Anderson and her colleagues have identified proteins overproduced by ovarian cancer cells, known as WT1 and mesothelin, and have found that T cells engineered to specifically recognize these proteins can kill both human and mouse ovarian cancer cells in the lab. They've also found that the T cells significantly extend survival in a mouse model of the cancer, but there's a ways to go before this therapy is ready for clinical trials in humans, Anderson said.
"Tumor microenvironment issues come hand-in-hand with working on solid tumors," she said.
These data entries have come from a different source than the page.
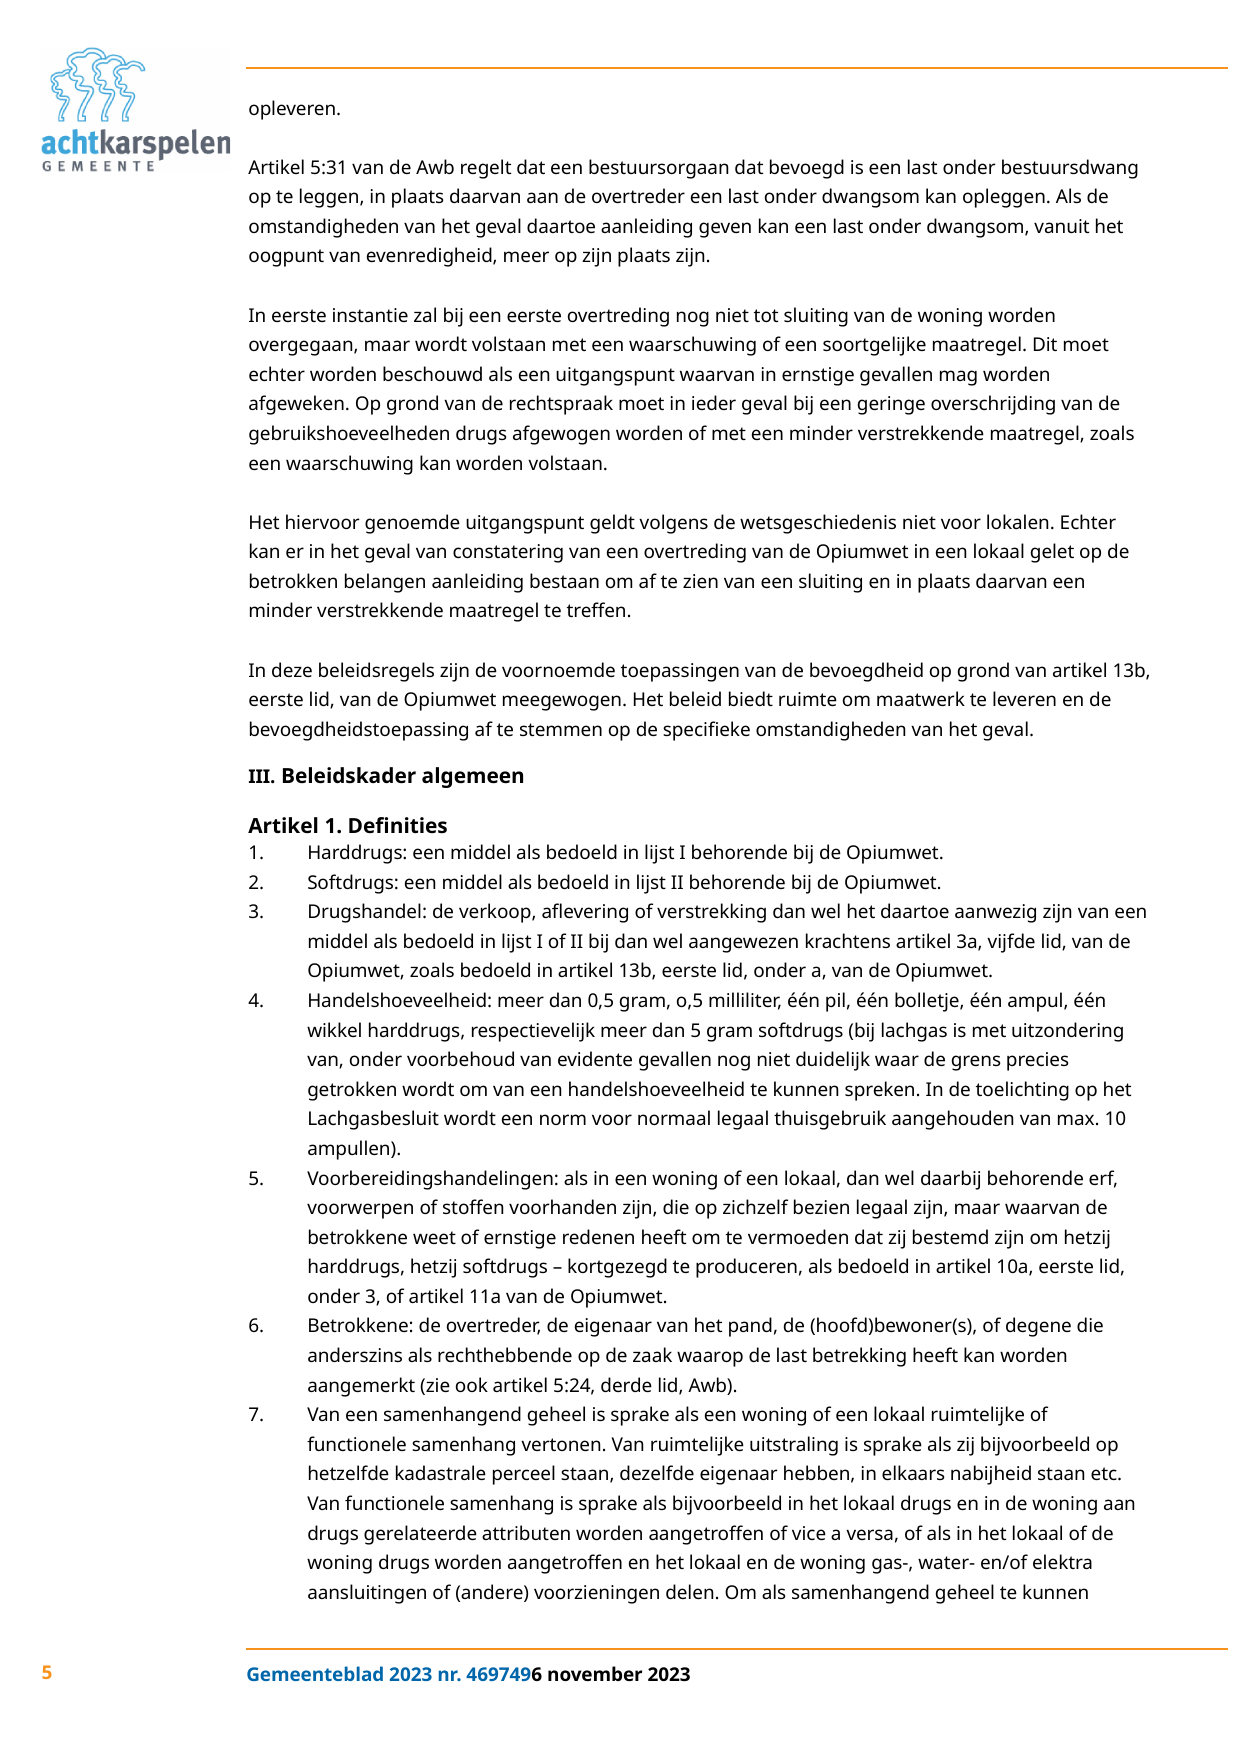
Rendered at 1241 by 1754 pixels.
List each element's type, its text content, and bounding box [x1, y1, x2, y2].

list Van een samenhangend geheel is sprake als een woning of een lokaal ruimtelijke of functionele samenhang vertonen. Van ruimtelijke uitstraling is sprake als zij bijvoorbeeld op hetzelfde kadastrale perceel staan, dezelfde eigenaar hebben, in elkaars nabijheid staan etc. Van functionele samenhang is sprake als bijvoorbeeld in het lokaal drugs en in de woning aan drugs gerelateerde attributen worden aangetroffen of vice a versa, of als in het lokaal of de woning drugs worden aangetroffen en het lokaal en de woning gas-, water- en/of elektra aansluitingen of (andere) voorzieningen delen. Om als samenhangend geheel te kunnen [248, 1401, 1152, 1605]
picture [41, 47, 231, 172]
list Drugshandel: de verkoop, aflevering of verstrekking dan wel het daartoe aanwezig zijn van een middel als bedoeld in lijst I of II bij dan wel aangewezen krachtens artikel 3a, vijfde lid, van de Opiumwet, zoals bedoeld in artikel 13b, eerste lid, onder a, van de Opiumwet. [248, 898, 1152, 983]
text In eerste instantie zal bij een eerste overtreding nog niet tot sluiting van de woning worden overgegaan, maar wordt volstaan met een waarschuwing of een soortgelijke maatregel. Dit moet echter worden beschouwd als een uitgangspunt waarvan in ernstige gevallen mag worden afgeweken. Op grond van de rechtspraak moet in ieder geval bij een geringe overschrijding van de gebruikshoeveelheden drugs afgewogen worden of met een minder verstrekkende maatregel, zoals een waarschuwing kan worden volstaan. [248, 302, 1152, 476]
text Artikel 5:31 van de Awb regelt dat een bestuursorgaan dat bevoegd is een last onder bestuursdwang op te leggen, in plaats daarvan aan de overtreder een last onder dwangsom kan opleggen. Als de omstandigheden van het geval daartoe aanleiding geven kan een last onder dwangsom, vanuit het oogpunt van evenredigheid, meer op zijn plaats zijn. [248, 154, 1152, 268]
list Handelshoeveelheid: meer dan 0,5 gram, o,5 milliliter, één pil, één bolletje, één ampul, één wikkel harddrugs, respectievelijk meer dan 5 gram softdrugs (bij lachgas is met uitzondering van, onder voorbehoud van evidente gevallen nog niet duidelijk waar de grens precies getrokken wordt om van een handelshoeveelheid te kunnen spreken. In de toelichting op het Lachgasbesluit wordt een norm voor normaal legaal thuisgebruik aangehouden van max. 10 ampullen). [248, 987, 1152, 1161]
text opleveren. [248, 95, 1152, 121]
list Betrokkene: de overtreder, de eigenaar van het pand, de (hoofd)bewoner(s), of degene die anderszins als rechthebbende op de zaak waarop de last betrekking heeft kan worden aangemerkt (zie ook artikel 5:24, derde lid, Awb). [248, 1313, 1152, 1398]
text Artikel 1. Definities [248, 811, 1152, 839]
list Harddrugs: een middel als bedoeld in lijst I behorende bij de Opiumwet. [248, 839, 1152, 865]
list Voorbereidingshandelingen: als in een woning of een lokaal, dan wel daarbij behorende erf, voorwerpen of stoffen voorhanden zijn, die op zichzelf bezien legaal zijn, maar waarvan de betrokkene weet of ernstige redenen heeft om te vermoeden dat zij bestemd zijn om hetzij harddrugs, hetzij softdrugs – kortgezegd te produceren, als bedoeld in artikel 10a, eerste lid, onder 3, of artikel 11a van de Opiumwet. [248, 1165, 1152, 1309]
text Het hiervoor genoemde uitgangspunt geldt volgens de wetsgeschiedenis niet voor lokalen. Echter kan er in het geval van constatering van een overtreding van de Opiumwet in een lokaal gelet op de betrokken belangen aanleiding bestaan om af te zien van een sluiting en in plaats daarvan een minder verstrekkende maatregel te treffen. [248, 509, 1152, 623]
text In deze beleidsregels zijn de voornoemde toepassingen van de bevoegdheid op grond van artikel 13b, eerste lid, van de Opiumwet meegewogen. Het beleid biedt ruimte om maatwerk te leveren en de bevoegdheidstoepassing af te stemmen op de specifieke omstandigheden van het geval. [248, 657, 1152, 742]
list Softdrugs: een middel als bedoeld in lijst II behorende bij de Opiumwet. [248, 869, 1152, 895]
text III. Beleidskader algemeen [248, 762, 1152, 790]

In her presentation, Anderson will describe three types of roadblocks to an effective ovarian cancer T-cell therapy -- and how the research team is working to overcome each. They are:
Immunosuppressive cells and proteins in the microenvironment that can signal the engineered T cells to shut down or ignore tumors. Existing checkpoint inhibitor drugs could circumvent this problem, Anderson said, and the Fred Hutch team is also exploring engineering the therapeutic T cells to block those immunosuppressive signals. A "death signal" produced by both ovarian tumor cells and nearby blood vessels on their surfaces. This molecular signal causes T cells coming to the tumor from the bloodstream to commit suicide before they can fight the cancer. Dr. Shannon Oda in the Greenberg lab is working on a new type of fusion protein the engineered T cells will carry that will rewire their internal circuitry, causing the death signal to instead boost their anti-tumor activity. The tumors' low-sugar environment. Fast-growing ovarian cancer cells churn through the glucose in their environment -- the same energy source engineered T cells need to do their work. Researchers in the Greenberg lab are working to re-engineer the therapeutic T cells to process other sources of energy.
Although her current work focuses on ovarian cancer, a particularly difficult-to-treat solid tumor, Anderson hopes the work will shed light on new therapeutic avenues for other solid tumors as well.
"If we can solve some of the issues that really plague us with these hard ones, then we can more readily apply them to some of the cancers that have fewer of these hurdles," she said.